Best Wishes to all our readers. Be safe, be happy and be warm.
December 24th- Christmas Eve
The snow has gone, in its place rain. The kids wanted a white christmas but the adults are probably happy to see the warmer rain here in the UK. Investigations should begin as to why the local authorities didn't salt the sidewalks. A disgrace.
At Christmas the UK Government always puts out the bad news - so it is no surprise that University funding is to be drastically reduced. Job cuts will face staff when they return from the holidays. I am probably alone in being in synch with the Government that courses should be shorter and more practice based. My colleagues wouldn't agree - as many don't have experience of working outside of education. I'd like to see a lot more people from 'industry' whatever it is, media, engineering, print or health for example coming into higher education and re-writing and teaching on the courses, making them more relevant and practical. It would serve students well and make it easier for them to get jobs. So bring it on.

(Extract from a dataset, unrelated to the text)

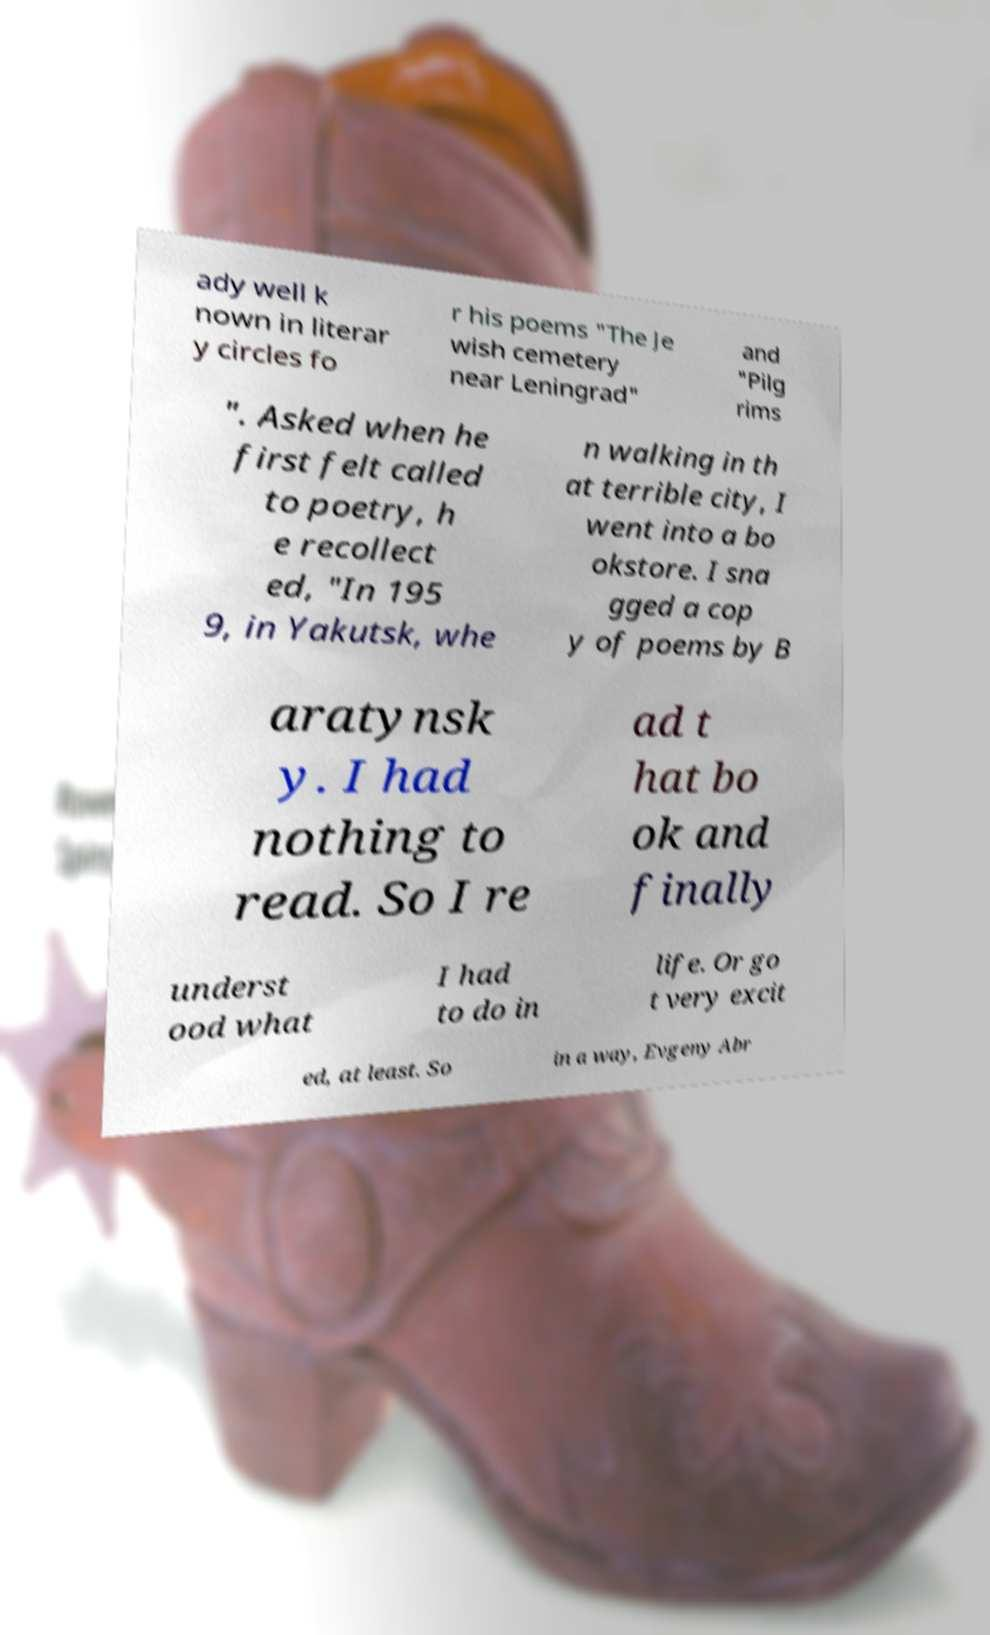I need the written content from this picture converted into text. Can you do that? ady well k nown in literar y circles fo r his poems "The Je wish cemetery near Leningrad" and "Pilg rims ". Asked when he first felt called to poetry, h e recollect ed, "In 195 9, in Yakutsk, whe n walking in th at terrible city, I went into a bo okstore. I sna gged a cop y of poems by B aratynsk y. I had nothing to read. So I re ad t hat bo ok and finally underst ood what I had to do in life. Or go t very excit ed, at least. So in a way, Evgeny Abr 
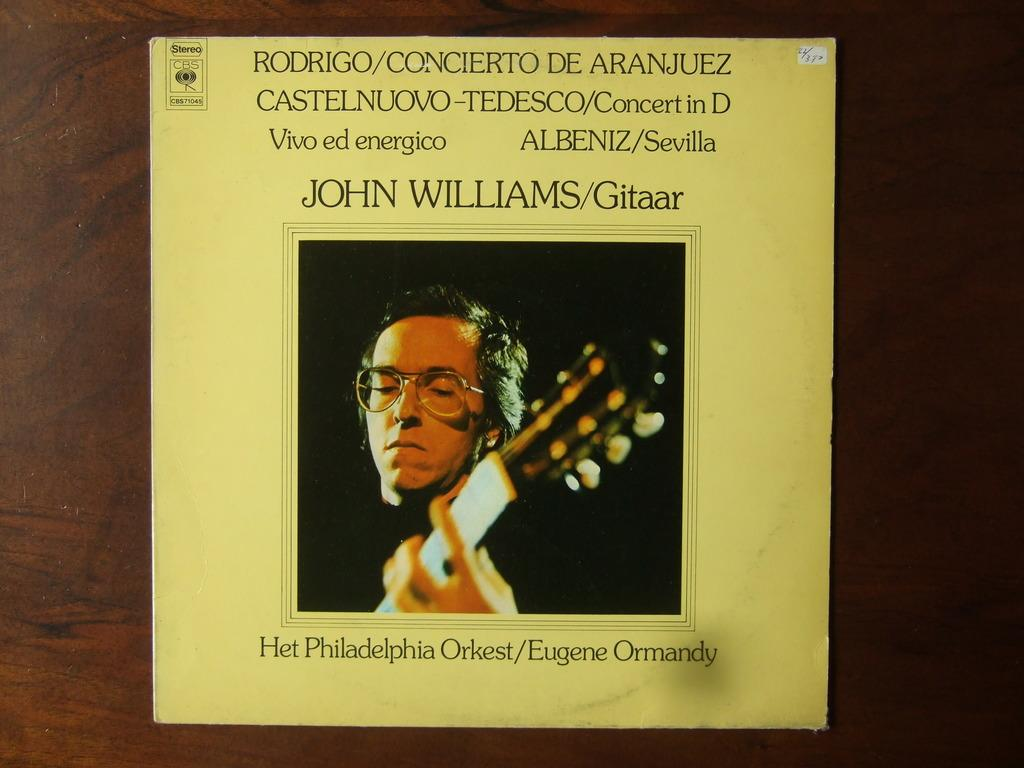<image>
Provide a brief description of the given image. Yellow album cover for John Williams showing a man playing a guitar. 
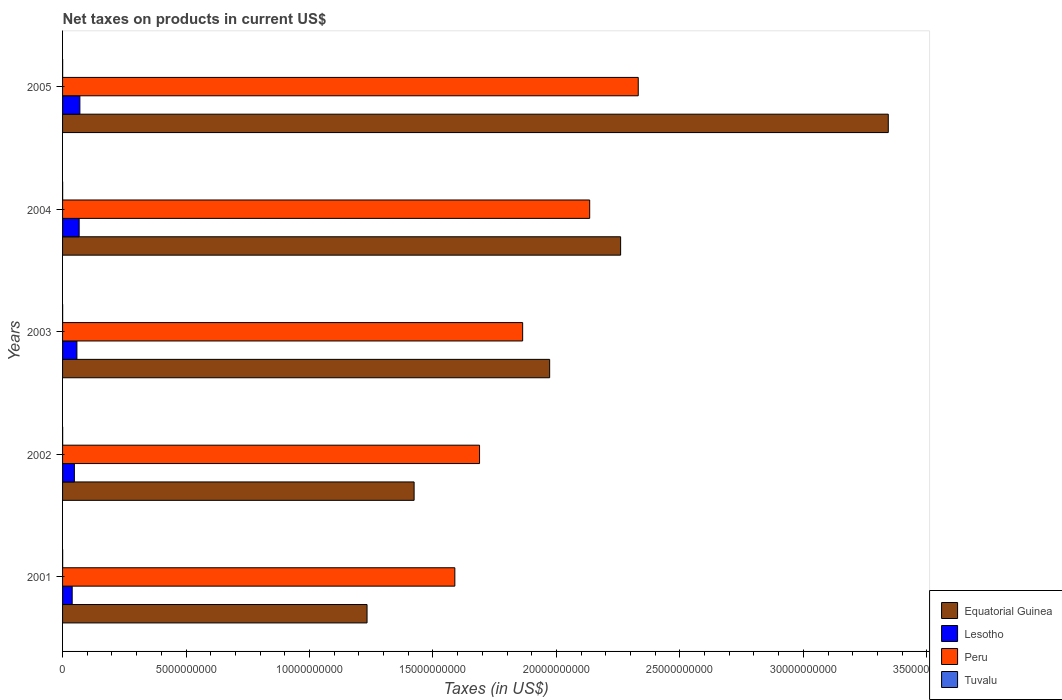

Meanwhile Iran seethes, our soldiers perish in Afghanistan, bankers buy Bentleys. Little change there. If 2010 brings us anything, I'd like it to be clarity and culpability. I'd like a better reason for why we are in Afghanistan and a date when we will leave. I'd like to believe the economy will get better, but since I know so many will lose their jobs in the public sector, (including myself) I suspect it might get worse. Meanwhile here's to President Obama getting his health care plan approved. A very worthwhile achievement if he can.
Dec 17th:
Half of November here was sun and mild weather then we got hit for six with floods and gales. Immediately everyone gets excited about global warming and seeing ‘2012’ at the movies doesn’t help (fun though that was to see most of the world population perish). I don’t want to spoil the Climate Change party, but we have had weather before y’know. The Bible, as I recall has one rather large flood in it. Denmark made the headlines all this week and no doubt they will come up with 'solutions' that will cost us all plenty. Meanwhile billionaires swap carbon emission trading permits and make billions and it does absolutely nothing for the planet. Marianne de Nazareth, one of our regular correspondents was at the Climate Change shindig in Denmark and you will find her reports on the main page. One thing stands out from her remarks though 'Where are all the scientists? All we meet are politicians'. It didn't bode well for conference success.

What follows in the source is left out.